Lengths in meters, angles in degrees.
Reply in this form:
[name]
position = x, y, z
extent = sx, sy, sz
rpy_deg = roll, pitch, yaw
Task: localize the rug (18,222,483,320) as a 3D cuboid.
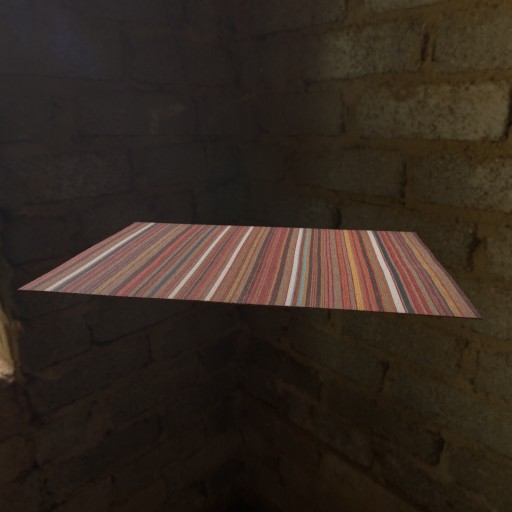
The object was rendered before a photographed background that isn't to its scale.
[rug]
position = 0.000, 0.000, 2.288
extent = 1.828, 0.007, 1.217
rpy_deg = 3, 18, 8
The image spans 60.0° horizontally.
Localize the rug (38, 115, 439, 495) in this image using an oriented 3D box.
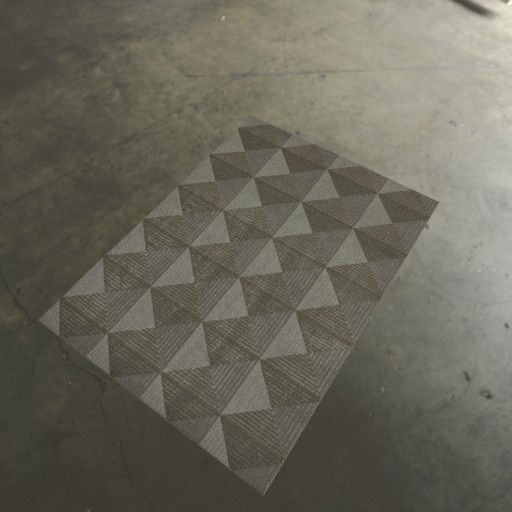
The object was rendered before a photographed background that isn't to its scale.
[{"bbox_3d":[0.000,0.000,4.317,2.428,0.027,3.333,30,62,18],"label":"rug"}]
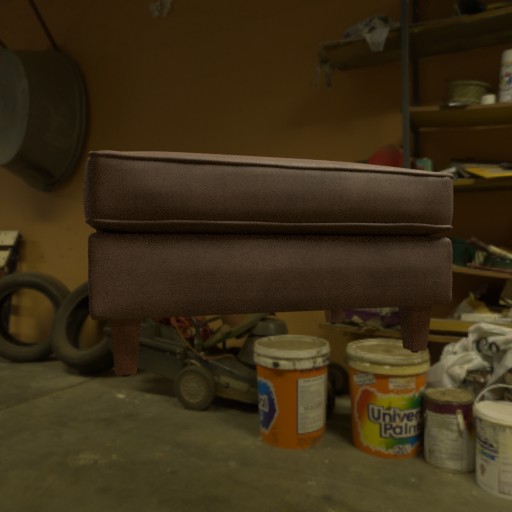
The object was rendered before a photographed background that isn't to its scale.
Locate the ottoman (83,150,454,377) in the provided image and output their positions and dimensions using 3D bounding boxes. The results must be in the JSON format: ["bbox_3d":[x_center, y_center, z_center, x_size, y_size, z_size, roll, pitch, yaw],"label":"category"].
* * *
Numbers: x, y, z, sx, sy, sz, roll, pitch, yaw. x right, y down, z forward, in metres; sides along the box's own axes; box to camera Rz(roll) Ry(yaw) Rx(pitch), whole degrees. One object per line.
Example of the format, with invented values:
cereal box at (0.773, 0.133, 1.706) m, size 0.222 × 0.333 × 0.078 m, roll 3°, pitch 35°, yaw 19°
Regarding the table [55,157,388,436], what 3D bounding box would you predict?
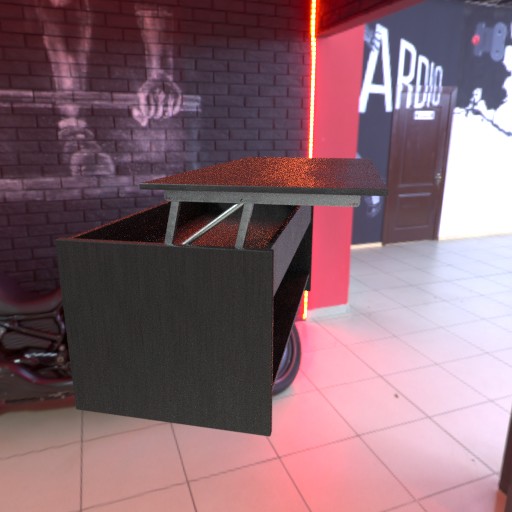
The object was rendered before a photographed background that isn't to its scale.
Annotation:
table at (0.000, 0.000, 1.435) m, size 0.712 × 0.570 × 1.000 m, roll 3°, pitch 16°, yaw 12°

### [WORK TASK]
The answer should consist only of the lines above from the one with "Lengths in meters, angles in degrees." through the one with "Locate the ottoman", repeated exactly, with no pictures among them.

### [EXERCISE RESPONSE]
Lengths in meters, angles in degrees.
Reply in this form:
[name]
position = x, y, z
extent = sx, sy, sz
rpy_deg = roll, pitch, yaw
Task: localize the rug (18,222,483,320) as a 3D cuboid.
The object was rendered before a photographed background that isn't to its scale.
[rug]
position = 0.000, 0.000, 2.288
extent = 1.828, 0.007, 1.217
rpy_deg = 3, 18, 8
The image spans 60.0° horizontally.
Localize the rug (38, 115, 439, 495) in this image using an oriented 3D box.
The object was rendered before a photographed background that isn't to its scale.
[{"bbox_3d":[0.000,0.000,4.317,2.428,0.027,3.333,30,62,18],"label":"rug"}]
The object was rendered before a photographed background that isn't to its scale.
Locate the ottoman (83,150,454,377) in the provided image and output their positions and dimensions using 3D bounding boxes. The results must be in the JSON format: ["bbox_3d":[x_center, y_center, z_center, x_size, y_size, z_size, roll, pitch, yaw],"label":"category"].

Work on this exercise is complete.